ピアノ曲を聴きましょう24 サティのジムノペディ第1番「ゆっくりと苦しみをもって」 2020.05.11

先日のブラームスのインテルメッツォで、脱力感と申しましたが、このサティのジムノペディほど脱力感を感じさせてくれるピアノ曲は見当たらないので、一寸触れてみます。

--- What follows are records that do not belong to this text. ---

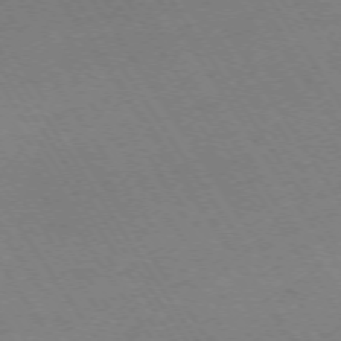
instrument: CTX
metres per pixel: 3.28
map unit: Ap
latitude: -74.0094
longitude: -71.5560
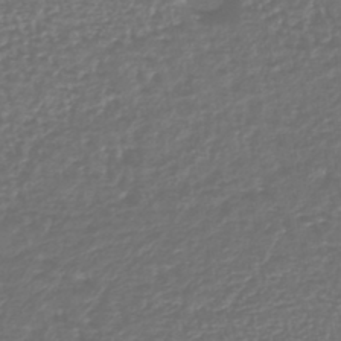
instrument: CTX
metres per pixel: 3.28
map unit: lHb
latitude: -41.5966
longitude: 72.3684
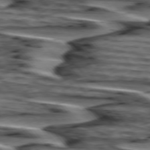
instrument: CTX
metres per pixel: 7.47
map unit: lApd
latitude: 75.3671
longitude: -72.7813
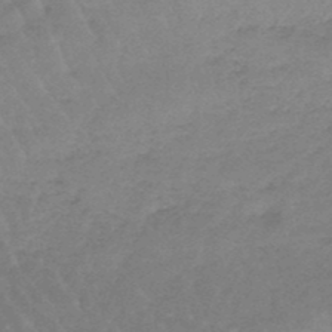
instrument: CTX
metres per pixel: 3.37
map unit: lHb
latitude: -47.6533
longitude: 76.0661
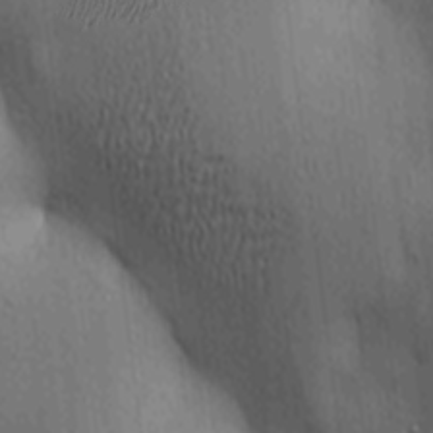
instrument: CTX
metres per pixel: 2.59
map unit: lAa
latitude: 5.2915
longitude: -112.7813
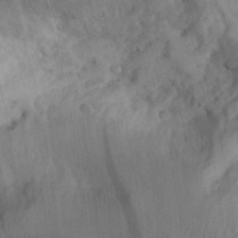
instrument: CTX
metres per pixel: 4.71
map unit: Aa
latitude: 30.7058
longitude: -144.4412
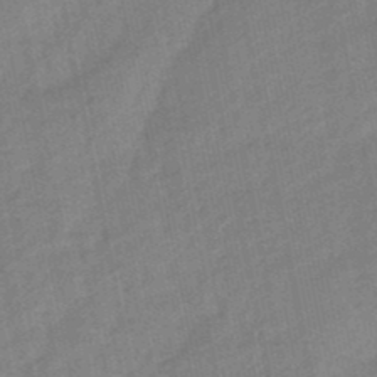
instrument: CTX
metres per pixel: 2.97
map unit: lHb
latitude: -48.4818
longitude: 80.1984
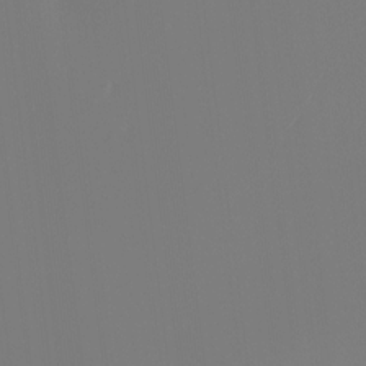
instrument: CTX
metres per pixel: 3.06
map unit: Hto
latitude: -8.6707
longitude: -46.1956
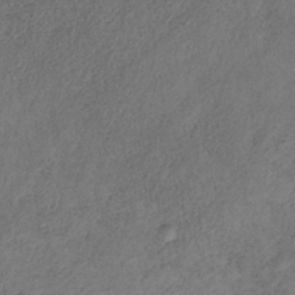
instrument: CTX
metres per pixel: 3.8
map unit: HNb
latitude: -32.0283
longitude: 58.2172
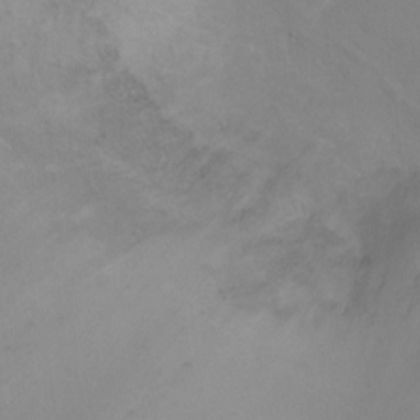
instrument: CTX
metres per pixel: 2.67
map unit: Ht
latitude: 0.5357
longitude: -35.2348
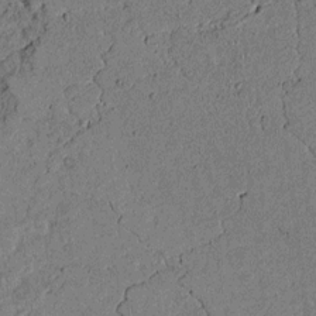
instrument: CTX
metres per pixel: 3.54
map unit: lAvf
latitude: 4.9514
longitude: 168.1794
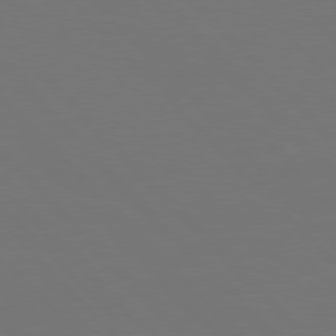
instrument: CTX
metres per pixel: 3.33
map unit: Hpe
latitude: 76.8569
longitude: -169.4238
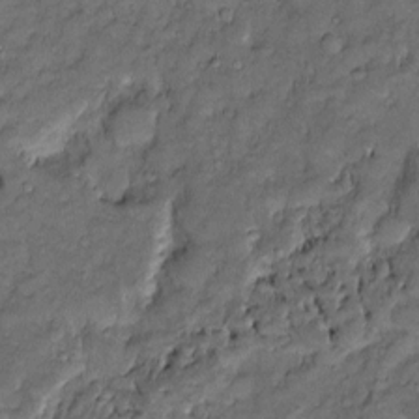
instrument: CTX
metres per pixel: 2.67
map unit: Htu
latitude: -6.8597
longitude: 158.0094
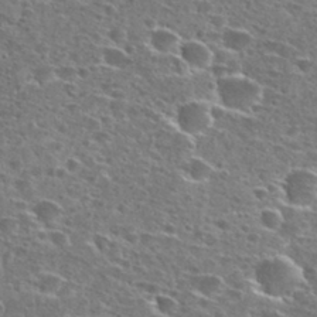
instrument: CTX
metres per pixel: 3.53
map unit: Hto
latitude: 27.6316
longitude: -47.9150
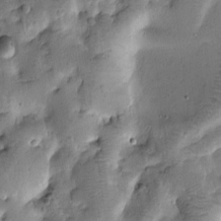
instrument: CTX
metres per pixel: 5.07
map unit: Htu
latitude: -0.7464
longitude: 170.6897
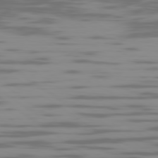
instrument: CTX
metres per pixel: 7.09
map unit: Ap
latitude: -79.4454
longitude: -103.7260
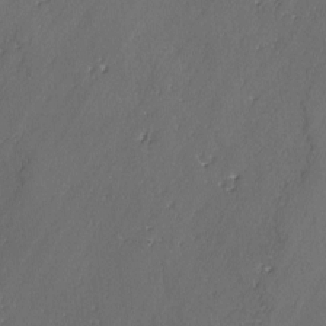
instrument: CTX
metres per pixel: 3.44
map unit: lAvf
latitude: -2.8785
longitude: -106.4034
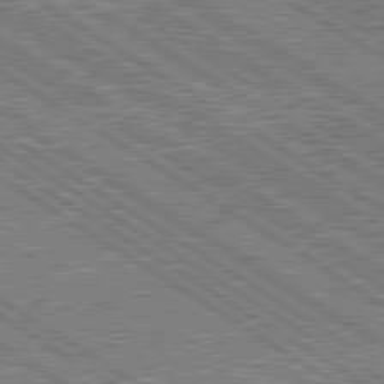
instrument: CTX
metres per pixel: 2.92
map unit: lApd
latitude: 79.6127
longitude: 169.2565
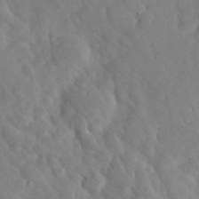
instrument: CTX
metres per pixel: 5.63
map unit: eHh
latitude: 25.2159
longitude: -67.7260
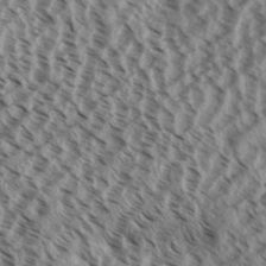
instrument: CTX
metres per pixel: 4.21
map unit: Aa
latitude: 32.0255
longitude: -137.7828
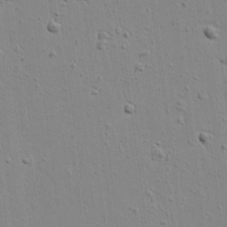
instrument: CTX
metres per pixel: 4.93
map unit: lAvf
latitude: 16.4223
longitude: -128.3656
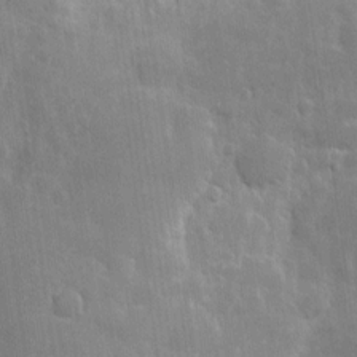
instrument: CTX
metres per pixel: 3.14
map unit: eHh
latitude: 7.5560
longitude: -72.5546
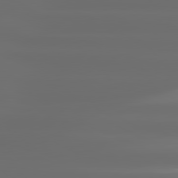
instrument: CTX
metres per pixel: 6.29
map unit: lApd
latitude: 81.0080
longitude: -136.4223
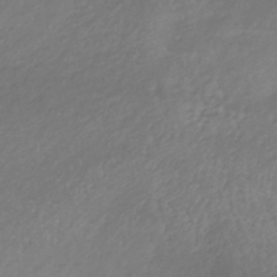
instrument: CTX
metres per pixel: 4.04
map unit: lHb
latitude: -38.2740
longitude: 72.2550
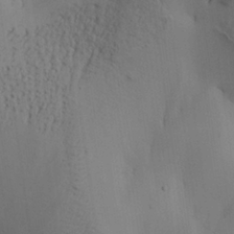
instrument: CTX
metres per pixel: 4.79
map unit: Aa
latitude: 27.4615
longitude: -132.1389
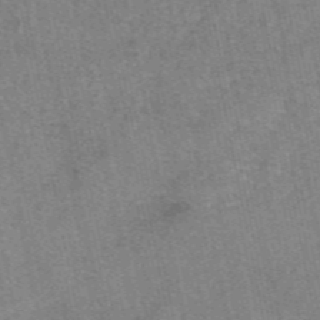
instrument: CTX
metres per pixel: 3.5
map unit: eAb
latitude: 47.4805
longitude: 103.5777
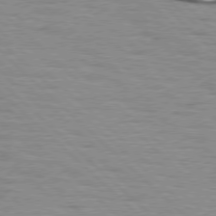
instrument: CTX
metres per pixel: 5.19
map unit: lApd
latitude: 77.2537
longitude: -49.3293
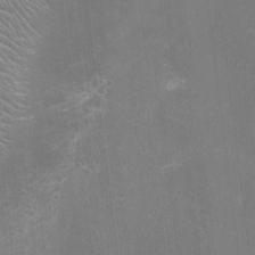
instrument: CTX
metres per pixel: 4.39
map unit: Ht
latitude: -2.7841
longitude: -16.8947
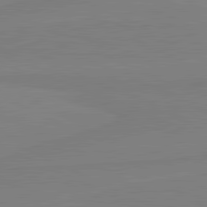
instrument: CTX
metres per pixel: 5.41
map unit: lApd
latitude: 81.6316
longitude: -177.4615
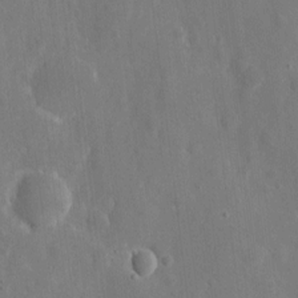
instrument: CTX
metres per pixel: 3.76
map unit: eHh
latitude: 7.9717
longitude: -70.8947
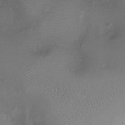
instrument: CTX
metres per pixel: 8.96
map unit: Ht
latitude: -6.4818
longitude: -19.5560
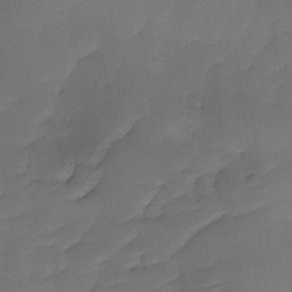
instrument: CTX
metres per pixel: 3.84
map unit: Ave
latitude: -9.8989
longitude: -122.6679
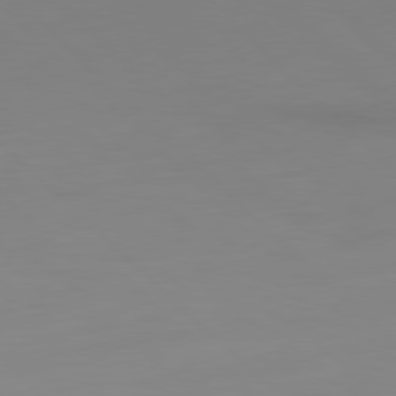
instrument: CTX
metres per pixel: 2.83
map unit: Ap
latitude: -79.6344
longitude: -55.7638
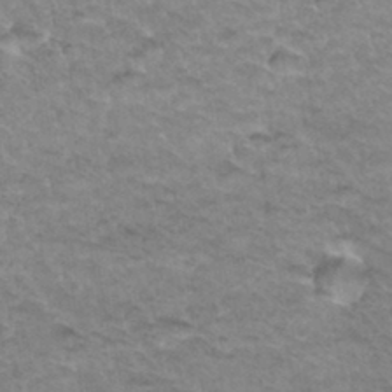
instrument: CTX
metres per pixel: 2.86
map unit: Hto
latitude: 34.4979
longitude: -47.9528
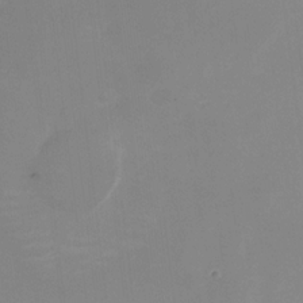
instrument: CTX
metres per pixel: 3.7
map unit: Nhu
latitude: -28.6330
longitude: -67.1403
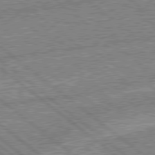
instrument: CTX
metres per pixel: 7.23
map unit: Hpe
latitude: 78.8191
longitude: -143.9906
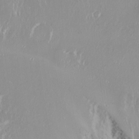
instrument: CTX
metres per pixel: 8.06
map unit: Nhu
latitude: -4.9919
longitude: -87.7260
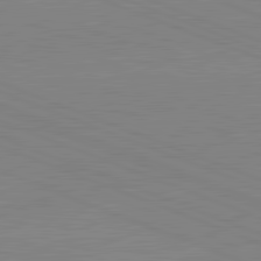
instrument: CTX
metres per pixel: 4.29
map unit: lApd
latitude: 81.9150
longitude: -157.8961
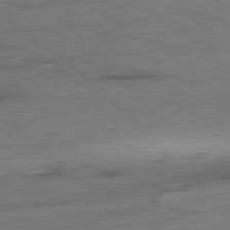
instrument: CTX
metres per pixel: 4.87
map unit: Ap
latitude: -80.5763
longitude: -82.0633
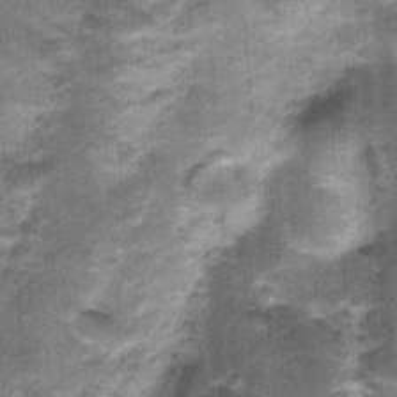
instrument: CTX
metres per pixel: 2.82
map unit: Nhu
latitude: 0.9891
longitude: -17.2725
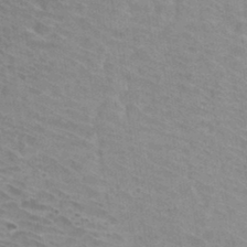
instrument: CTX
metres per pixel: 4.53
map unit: Hto
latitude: 33.2159
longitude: -41.8961
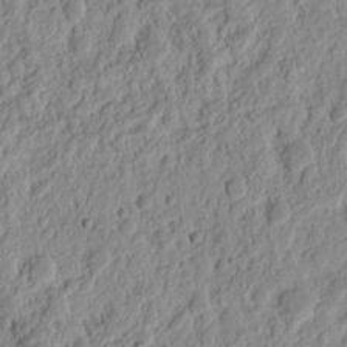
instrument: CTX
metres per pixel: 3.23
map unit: Nhu
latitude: 13.1781
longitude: -73.6127
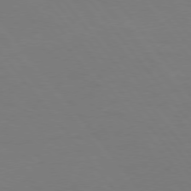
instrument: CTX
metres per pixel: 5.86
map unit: Hpe
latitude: 75.5182
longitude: -140.8380
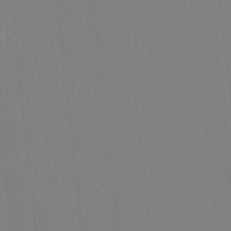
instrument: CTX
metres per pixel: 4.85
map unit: HNhu
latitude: 7.4048
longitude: 1.9556
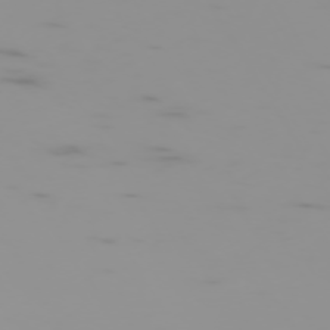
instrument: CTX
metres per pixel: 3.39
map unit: Hpe
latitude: -74.1039
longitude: 5.5777
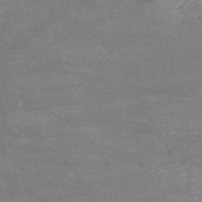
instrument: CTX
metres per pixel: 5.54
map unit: HNb
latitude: -52.0472
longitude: -41.5371
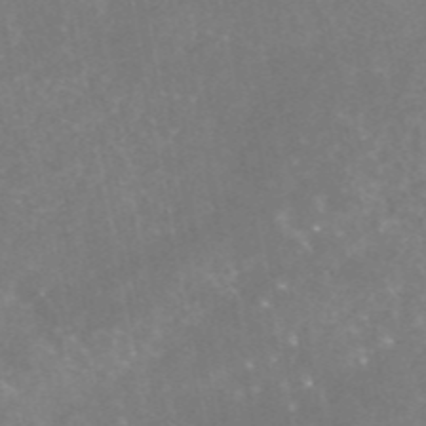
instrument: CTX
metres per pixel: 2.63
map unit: eAb
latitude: 46.3090
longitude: 124.5574
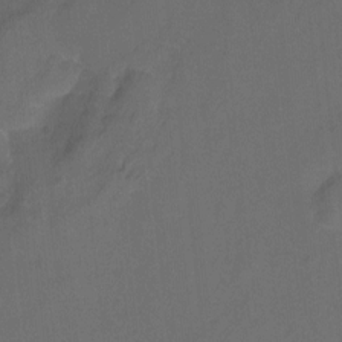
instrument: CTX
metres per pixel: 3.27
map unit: Hto
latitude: -9.9367
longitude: -36.9892
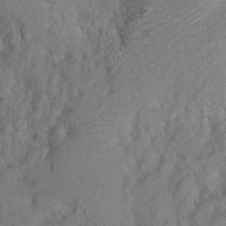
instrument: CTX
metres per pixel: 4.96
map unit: Nhu
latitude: 0.5167
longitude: -17.9717
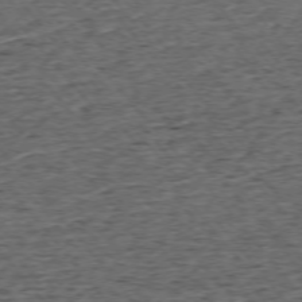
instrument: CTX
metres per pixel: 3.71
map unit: Ap
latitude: -75.1620
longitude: -92.2144
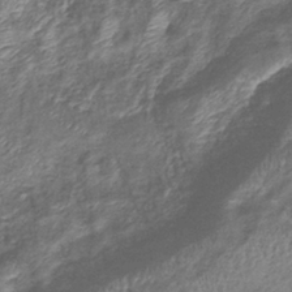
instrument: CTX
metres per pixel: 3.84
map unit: eHb
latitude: -37.8611
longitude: 76.1228
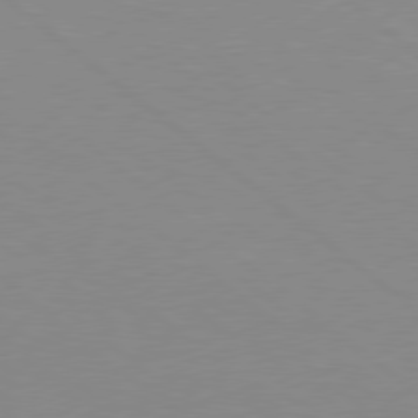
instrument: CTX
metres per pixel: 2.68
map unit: Hpe
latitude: 78.2334
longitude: -124.2333
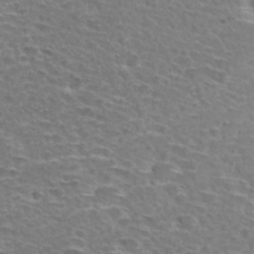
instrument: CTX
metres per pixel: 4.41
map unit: Hto
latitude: 28.6112
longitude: -48.6490
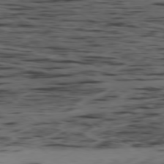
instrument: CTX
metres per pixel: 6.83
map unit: Ap
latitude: -79.2754
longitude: -63.4805
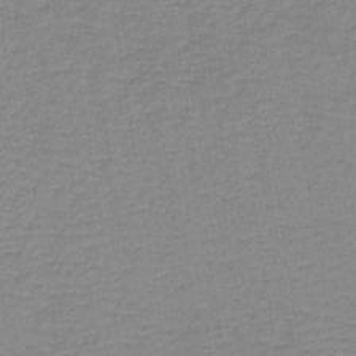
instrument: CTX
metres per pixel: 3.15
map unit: lHb
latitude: -40.9542
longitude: 64.1417
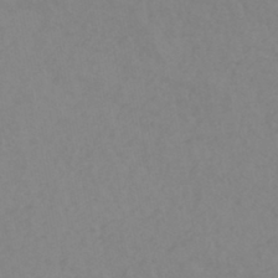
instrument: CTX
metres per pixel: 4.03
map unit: HNhu
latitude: -43.5399
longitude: 90.1039
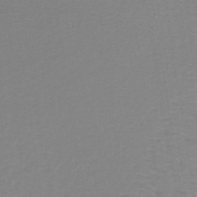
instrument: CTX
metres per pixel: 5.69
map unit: lHb
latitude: -41.0864
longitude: 64.0094
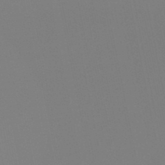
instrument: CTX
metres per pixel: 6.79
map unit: lHb
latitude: -49.5588
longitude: 70.2173
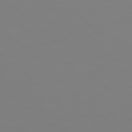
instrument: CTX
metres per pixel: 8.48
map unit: Hpe
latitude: 78.1767
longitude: 178.8219
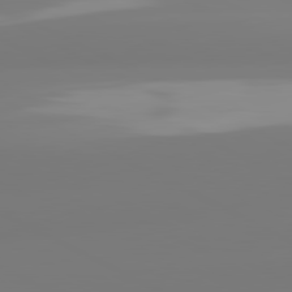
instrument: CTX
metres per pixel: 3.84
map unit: lApd
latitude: 80.8569
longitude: -156.8380
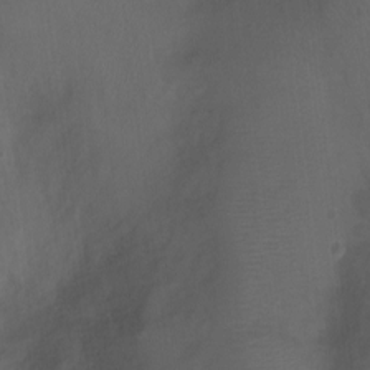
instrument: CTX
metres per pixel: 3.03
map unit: Nhu
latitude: -12.3495
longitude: -41.2725

「ジムノペディ」と言う名は特異な名で、その語源を解る人は少ないと想われます。私も知らなかったので、少し調べてみました。その語源は、「ギュムノパイディア」で、古代ギリシャの祭典の名称だそうです。それは青少年を集めて、裸にして踊らせ、アポロンやバッカスの神々をたたえる祭だったそうです。サティはこの祭を描いた壺を観る機会があったそうで、それにインスピレーションを得て、このピアノ曲を書いたそうです。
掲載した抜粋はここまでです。